## Task description:
Every line holding the word "meters" should be copied from the material.

....

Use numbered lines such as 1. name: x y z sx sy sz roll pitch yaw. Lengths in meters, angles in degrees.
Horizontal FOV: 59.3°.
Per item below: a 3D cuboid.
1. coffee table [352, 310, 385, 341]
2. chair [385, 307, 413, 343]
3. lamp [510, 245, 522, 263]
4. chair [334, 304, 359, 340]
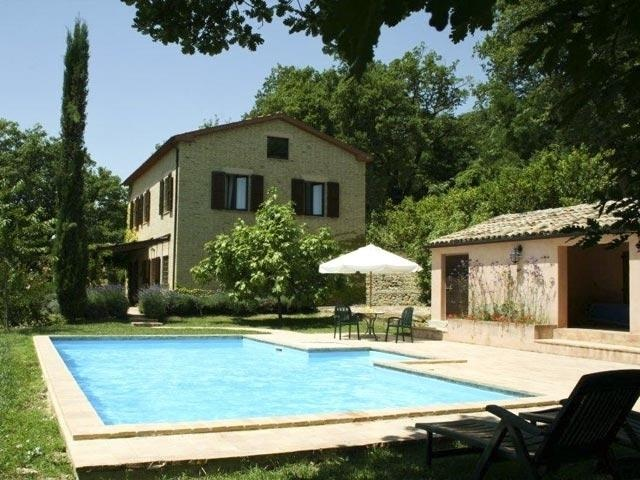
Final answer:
1. coffee table: 1.717 2.889 19.203 0.910 0.714 0.968 -6 -19 27
2. chair: 2.211 2.440 16.603 0.757 0.909 0.734 6 -7 -23
3. lamp: 5.682 0.399 16.319 0.234 0.575 0.299 -4 5 -37
4. chair: 0.770 2.399 16.519 0.780 0.988 0.817 0 -6 6
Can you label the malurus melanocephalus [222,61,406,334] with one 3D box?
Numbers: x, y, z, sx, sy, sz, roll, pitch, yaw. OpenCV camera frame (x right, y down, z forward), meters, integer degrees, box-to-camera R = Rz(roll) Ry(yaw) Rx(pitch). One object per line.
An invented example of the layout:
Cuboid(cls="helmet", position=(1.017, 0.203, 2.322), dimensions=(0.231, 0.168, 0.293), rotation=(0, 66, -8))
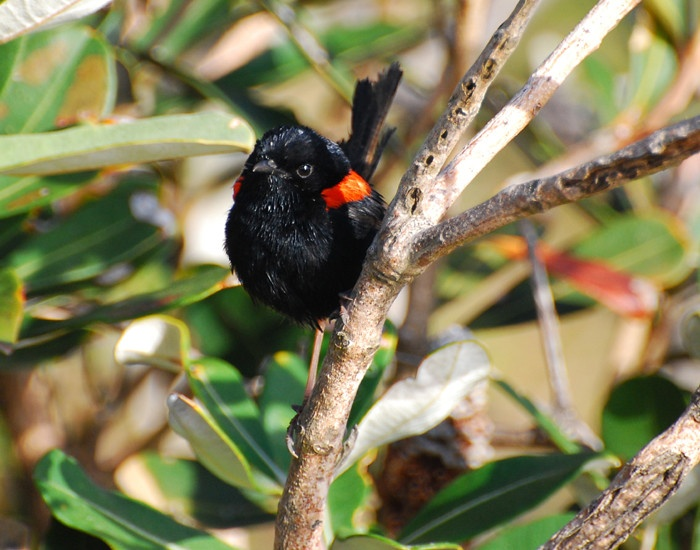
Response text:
Cuboid(cls="malurus melanocephalus", position=(-0.227, -0.236, 4.536), dimensions=(0.782, 1.154, 0.376), rotation=(-10, 2, -2))
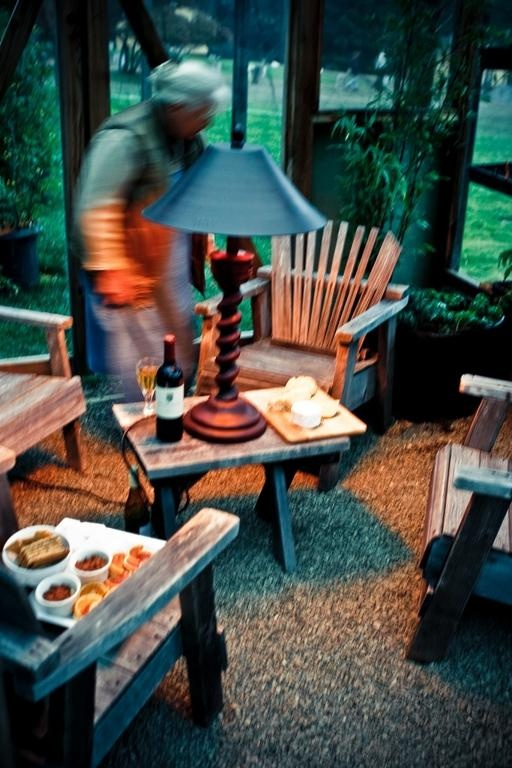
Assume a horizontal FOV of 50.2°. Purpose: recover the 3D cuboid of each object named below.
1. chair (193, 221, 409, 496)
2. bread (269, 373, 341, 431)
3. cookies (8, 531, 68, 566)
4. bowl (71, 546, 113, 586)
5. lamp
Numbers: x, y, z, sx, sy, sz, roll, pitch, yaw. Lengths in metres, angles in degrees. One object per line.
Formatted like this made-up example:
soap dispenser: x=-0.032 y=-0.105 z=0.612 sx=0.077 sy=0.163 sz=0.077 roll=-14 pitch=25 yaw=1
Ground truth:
chair: x=0.185 y=-0.165 z=2.410 sx=0.963 sy=1.018 sz=1.021 roll=-4 pitch=20 yaw=-16
bread: x=0.151 y=0.061 z=1.739 sx=0.161 sy=0.049 sz=0.167 roll=33 pitch=42 yaw=25
cookies: x=-0.472 y=0.339 z=1.191 sx=0.083 sy=0.030 sz=0.064 roll=17 pitch=20 yaw=36
bowl: x=-0.359 y=0.400 z=1.209 sx=0.060 sy=0.048 sz=0.068 roll=8 pitch=27 yaw=11
lamp: x=-0.064 y=-0.186 z=1.414 sx=0.372 sy=0.781 sz=0.361 roll=19 pitch=27 yaw=33
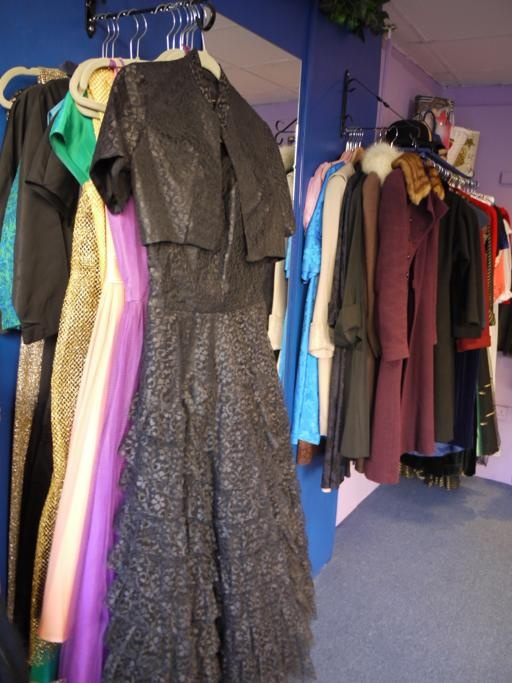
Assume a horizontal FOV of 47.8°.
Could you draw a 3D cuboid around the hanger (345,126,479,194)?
[{"bbox_3d":[0.548,-0.686,2.062,0.392,0.261,0.614,6,9,30],"label":"hanger"}]
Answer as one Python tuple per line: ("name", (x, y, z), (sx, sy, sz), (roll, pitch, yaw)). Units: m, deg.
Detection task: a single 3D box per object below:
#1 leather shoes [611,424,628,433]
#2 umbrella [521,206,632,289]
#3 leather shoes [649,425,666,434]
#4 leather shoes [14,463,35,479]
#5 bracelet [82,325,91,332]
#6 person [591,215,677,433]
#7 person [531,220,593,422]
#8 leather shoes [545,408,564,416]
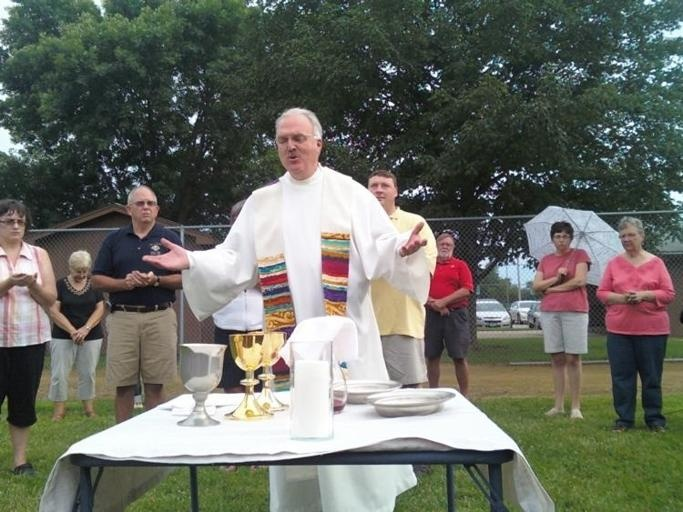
("leather shoes", (3.185, 1.961, 8.721), (0.190, 0.083, 0.233), (-4, -6, 20))
("umbrella", (3.412, -0.298, 10.929), (1.263, 1.172, 1.088), (15, 16, 38))
("leather shoes", (3.585, 1.969, 8.677), (0.145, 0.060, 0.076), (8, -12, -27))
("leather shoes", (-3.216, 2.157, 7.707), (0.201, 0.117, 0.129), (0, -6, -21))
("bracelet", (-3.332, 0.946, 9.959), (0.069, 0.036, 0.091), (-4, -23, -13))
("person", (3.442, 0.767, 8.902), (0.791, 2.469, 0.564), (-6, -7, 38))
("person", (2.762, 0.777, 9.533), (0.673, 2.433, 0.467), (-7, -7, 39))
("leather shoes", (2.657, 1.957, 9.564), (0.253, 0.105, 0.097), (-1, -7, 1))
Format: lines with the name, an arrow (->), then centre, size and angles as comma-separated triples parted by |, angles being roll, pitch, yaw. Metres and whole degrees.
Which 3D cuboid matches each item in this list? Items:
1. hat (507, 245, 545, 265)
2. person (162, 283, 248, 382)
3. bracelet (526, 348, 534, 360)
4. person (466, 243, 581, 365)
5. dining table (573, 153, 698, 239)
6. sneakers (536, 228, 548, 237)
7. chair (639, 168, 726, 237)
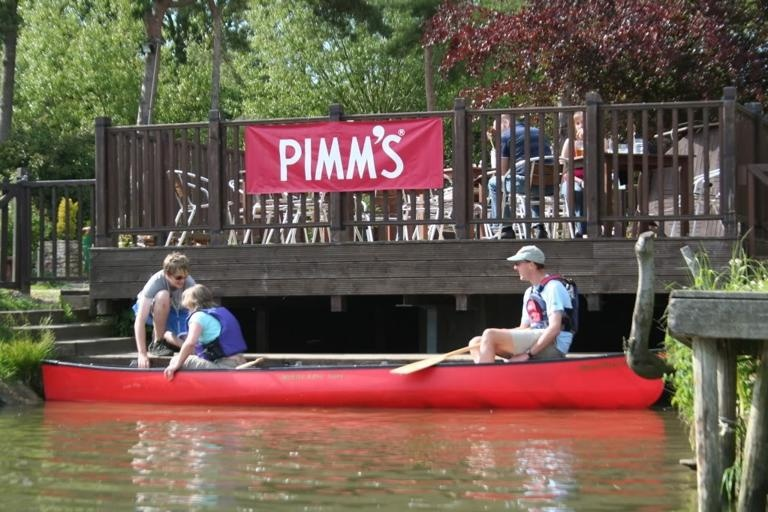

....

## Exercise response:
Use numbered lines such as 1. name: x y z sx sy sz roll pitch yaw. Lengths in meters, angles in degrees.
Numbers: x, y, z, sx, sy, sz, roll, pitch, yaw. OpenCV camera frame (x right, y down, z forward), meters, integer degrees, box-to-camera R = Rz(roll) Ry(yaw) Rx(pitch). One object per line.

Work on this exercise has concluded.